Your goal:
Every line in the data below has to be repeated exactly; no picture belongs in the result.

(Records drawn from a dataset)
==================================================

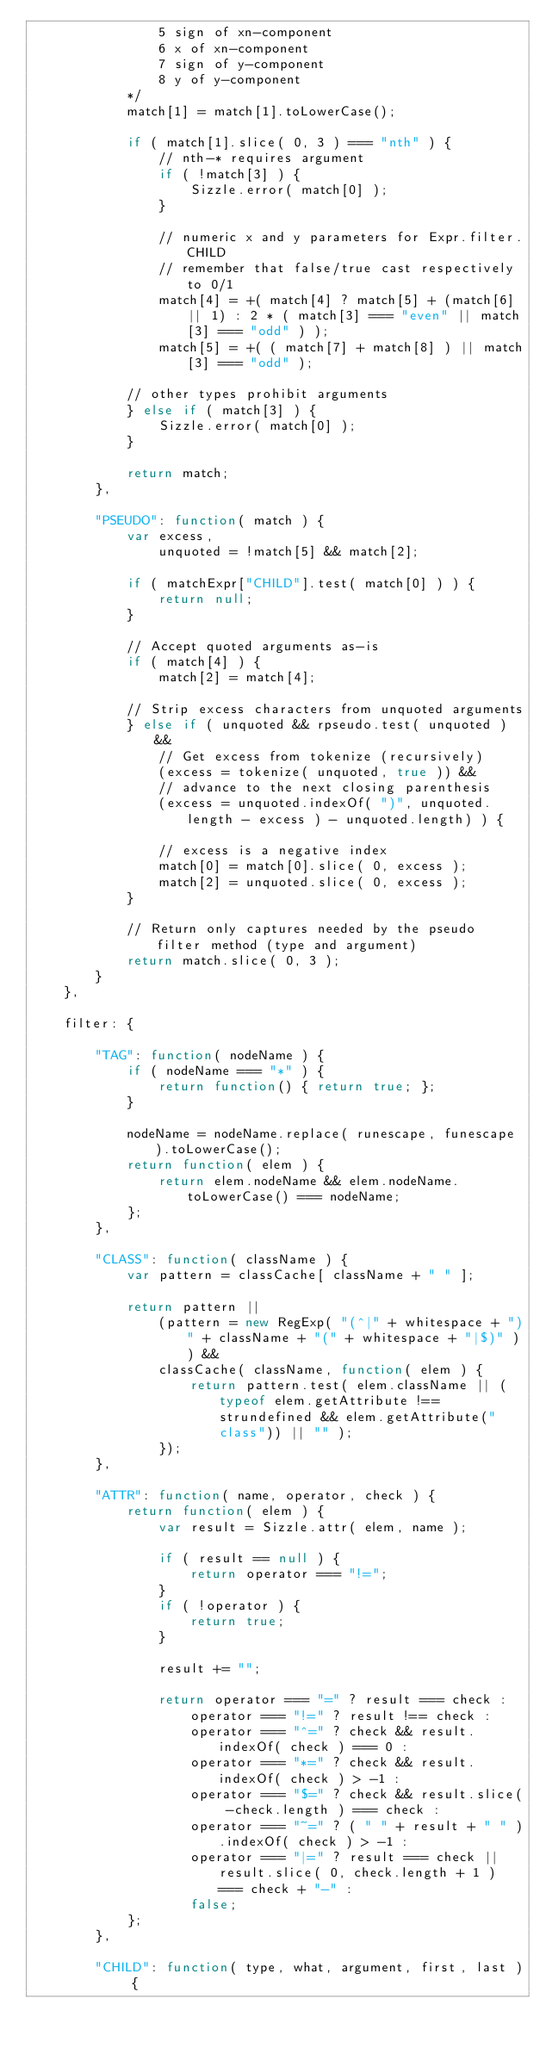Convert code to text. <code><loc_0><loc_0><loc_500><loc_500><_JavaScript_>				5 sign of xn-component
				6 x of xn-component
				7 sign of y-component
				8 y of y-component
			*/
			match[1] = match[1].toLowerCase();

			if ( match[1].slice( 0, 3 ) === "nth" ) {
				// nth-* requires argument
				if ( !match[3] ) {
					Sizzle.error( match[0] );
				}

				// numeric x and y parameters for Expr.filter.CHILD
				// remember that false/true cast respectively to 0/1
				match[4] = +( match[4] ? match[5] + (match[6] || 1) : 2 * ( match[3] === "even" || match[3] === "odd" ) );
				match[5] = +( ( match[7] + match[8] ) || match[3] === "odd" );

			// other types prohibit arguments
			} else if ( match[3] ) {
				Sizzle.error( match[0] );
			}

			return match;
		},

		"PSEUDO": function( match ) {
			var excess,
				unquoted = !match[5] && match[2];

			if ( matchExpr["CHILD"].test( match[0] ) ) {
				return null;
			}

			// Accept quoted arguments as-is
			if ( match[4] ) {
				match[2] = match[4];

			// Strip excess characters from unquoted arguments
			} else if ( unquoted && rpseudo.test( unquoted ) &&
				// Get excess from tokenize (recursively)
				(excess = tokenize( unquoted, true )) &&
				// advance to the next closing parenthesis
				(excess = unquoted.indexOf( ")", unquoted.length - excess ) - unquoted.length) ) {

				// excess is a negative index
				match[0] = match[0].slice( 0, excess );
				match[2] = unquoted.slice( 0, excess );
			}

			// Return only captures needed by the pseudo filter method (type and argument)
			return match.slice( 0, 3 );
		}
	},

	filter: {

		"TAG": function( nodeName ) {
			if ( nodeName === "*" ) {
				return function() { return true; };
			}

			nodeName = nodeName.replace( runescape, funescape ).toLowerCase();
			return function( elem ) {
				return elem.nodeName && elem.nodeName.toLowerCase() === nodeName;
			};
		},

		"CLASS": function( className ) {
			var pattern = classCache[ className + " " ];

			return pattern ||
				(pattern = new RegExp( "(^|" + whitespace + ")" + className + "(" + whitespace + "|$)" )) &&
				classCache( className, function( elem ) {
					return pattern.test( elem.className || (typeof elem.getAttribute !== strundefined && elem.getAttribute("class")) || "" );
				});
		},

		"ATTR": function( name, operator, check ) {
			return function( elem ) {
				var result = Sizzle.attr( elem, name );

				if ( result == null ) {
					return operator === "!=";
				}
				if ( !operator ) {
					return true;
				}

				result += "";

				return operator === "=" ? result === check :
					operator === "!=" ? result !== check :
					operator === "^=" ? check && result.indexOf( check ) === 0 :
					operator === "*=" ? check && result.indexOf( check ) > -1 :
					operator === "$=" ? check && result.slice( -check.length ) === check :
					operator === "~=" ? ( " " + result + " " ).indexOf( check ) > -1 :
					operator === "|=" ? result === check || result.slice( 0, check.length + 1 ) === check + "-" :
					false;
			};
		},

		"CHILD": function( type, what, argument, first, last ) {</code>

==================================================

Expected output:
Convert code to text. <code><loc_0><loc_0><loc_500><loc_500><_JavaScript_>				5 sign of xn-component
				6 x of xn-component
				7 sign of y-component
				8 y of y-component
			*/
			match[1] = match[1].toLowerCase();

			if ( match[1].slice( 0, 3 ) === "nth" ) {
				// nth-* requires argument
				if ( !match[3] ) {
					Sizzle.error( match[0] );
				}

				// numeric x and y parameters for Expr.filter.CHILD
				// remember that false/true cast respectively to 0/1
				match[4] = +( match[4] ? match[5] + (match[6] || 1) : 2 * ( match[3] === "even" || match[3] === "odd" ) );
				match[5] = +( ( match[7] + match[8] ) || match[3] === "odd" );

			// other types prohibit arguments
			} else if ( match[3] ) {
				Sizzle.error( match[0] );
			}

			return match;
		},

		"PSEUDO": function( match ) {
			var excess,
				unquoted = !match[5] && match[2];

			if ( matchExpr["CHILD"].test( match[0] ) ) {
				return null;
			}

			// Accept quoted arguments as-is
			if ( match[4] ) {
				match[2] = match[4];

			// Strip excess characters from unquoted arguments
			} else if ( unquoted && rpseudo.test( unquoted ) &&
				// Get excess from tokenize (recursively)
				(excess = tokenize( unquoted, true )) &&
				// advance to the next closing parenthesis
				(excess = unquoted.indexOf( ")", unquoted.length - excess ) - unquoted.length) ) {

				// excess is a negative index
				match[0] = match[0].slice( 0, excess );
				match[2] = unquoted.slice( 0, excess );
			}

			// Return only captures needed by the pseudo filter method (type and argument)
			return match.slice( 0, 3 );
		}
	},

	filter: {

		"TAG": function( nodeName ) {
			if ( nodeName === "*" ) {
				return function() { return true; };
			}

			nodeName = nodeName.replace( runescape, funescape ).toLowerCase();
			return function( elem ) {
				return elem.nodeName && elem.nodeName.toLowerCase() === nodeName;
			};
		},

		"CLASS": function( className ) {
			var pattern = classCache[ className + " " ];

			return pattern ||
				(pattern = new RegExp( "(^|" + whitespace + ")" + className + "(" + whitespace + "|$)" )) &&
				classCache( className, function( elem ) {
					return pattern.test( elem.className || (typeof elem.getAttribute !== strundefined && elem.getAttribute("class")) || "" );
				});
		},

		"ATTR": function( name, operator, check ) {
			return function( elem ) {
				var result = Sizzle.attr( elem, name );

				if ( result == null ) {
					return operator === "!=";
				}
				if ( !operator ) {
					return true;
				}

				result += "";

				return operator === "=" ? result === check :
					operator === "!=" ? result !== check :
					operator === "^=" ? check && result.indexOf( check ) === 0 :
					operator === "*=" ? check && result.indexOf( check ) > -1 :
					operator === "$=" ? check && result.slice( -check.length ) === check :
					operator === "~=" ? ( " " + result + " " ).indexOf( check ) > -1 :
					operator === "|=" ? result === check || result.slice( 0, check.length + 1 ) === check + "-" :
					false;
			};
		},

		"CHILD": function( type, what, argument, first, last ) {</code>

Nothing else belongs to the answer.